Giraud et al. (2008) investigated the effect of combined stresses in Arabidopsis. A mutant lacking the stress-induced alternative oxidase isoform AOX1a showed no phenotype upon drought treatment under moderate light. However, under a combination of drought and moderately high light conditions (which can easily be envisioned to take place in nature or in the field) the mutant plants were obviously stressed and displayed symptoms of elevated levels of reactive oxygen species. Since mitochondria were not the primary target of the stresses imposed, this investigation also showed how a multitude of cellular processes together enable the plant to fight external stresses.

Plant respiration involves an intricate metabolic network of interacting pathways and complex regulation of gene expression and enzymatic activities. We clearly need to know much more about these interactions before we can predict the effects of changing the expression of single genes on plant productivity. Also, when looking at carbon metabolism overall, including both photosynthetic and heterotrophic metabolism, biotechnological attempts to improve yields have resulted in relatively little progress. This has partly been the consequence of the complexity of metabolism, with perturbations leading to unexpected side effects. However, the effects of genetic changes to carbon metabolism can now be followed in detail using global profiling approaches, and this increased analytical detail aids the specific modification of carbon metabolism for improving yield (Nunes-Nesi et al. 2005a) (see also Web Essay 12.2).
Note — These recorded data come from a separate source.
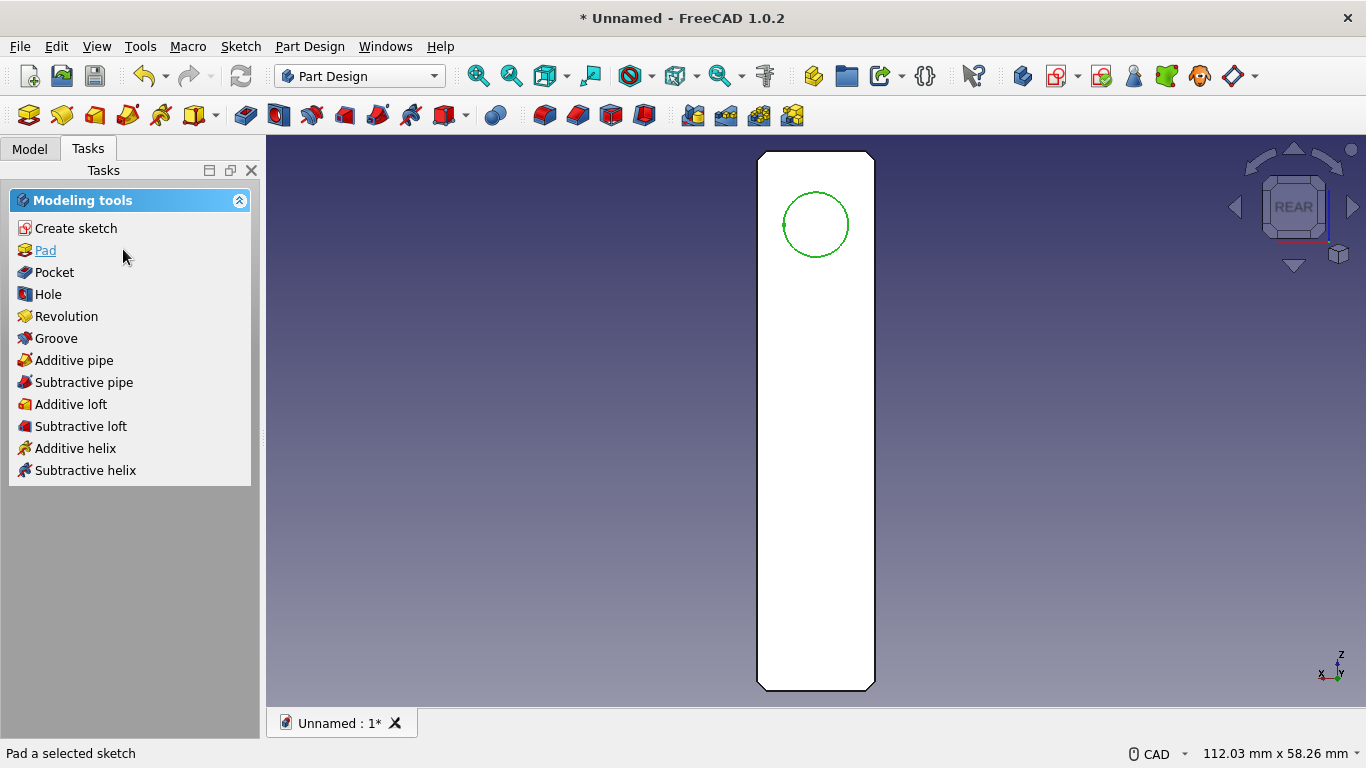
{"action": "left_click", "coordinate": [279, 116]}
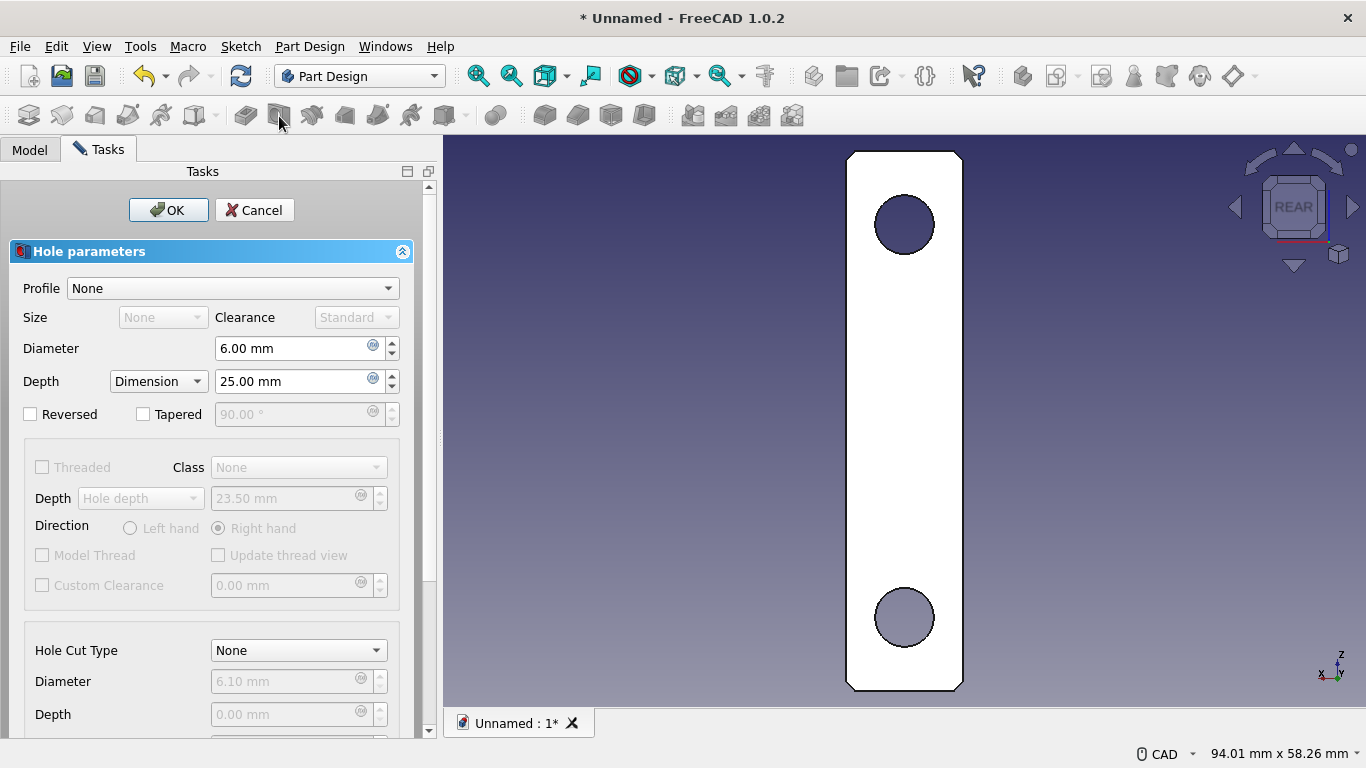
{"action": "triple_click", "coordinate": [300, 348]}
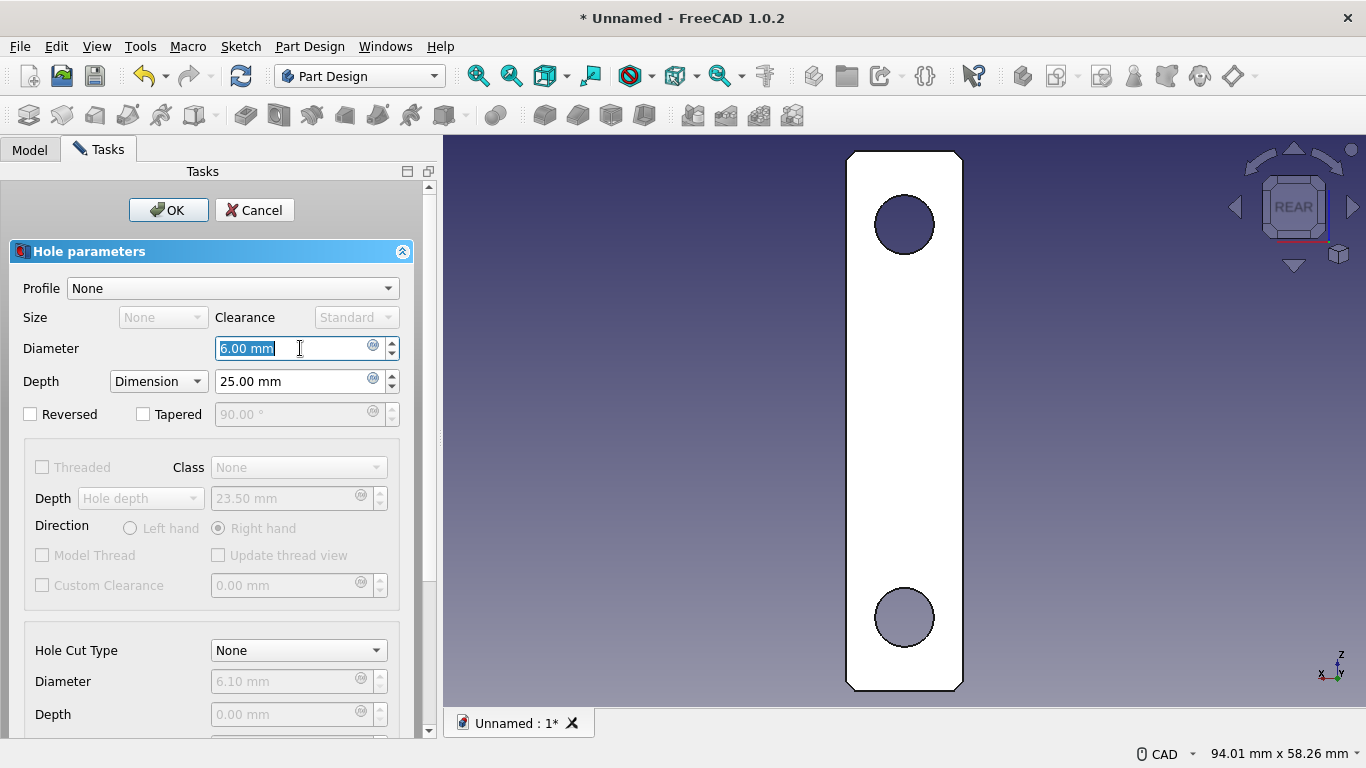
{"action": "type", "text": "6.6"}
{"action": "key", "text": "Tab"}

Another important issue for the future is to develop plants that are well adapted for optimal functioning at a higher atmospheric carbon dioxide concentration and its associated climate effects (higher temperatures, drought, etc.). It has been especially difficult to predict the impact of the atmospheric change (carbon dioxide and temperature) on respiration. This makes the respiratory components of predictive models for future plant growth and the plant’s impact on the future atmosphere less certain (Leakey et al. 2009; Smith and Dukes 2013).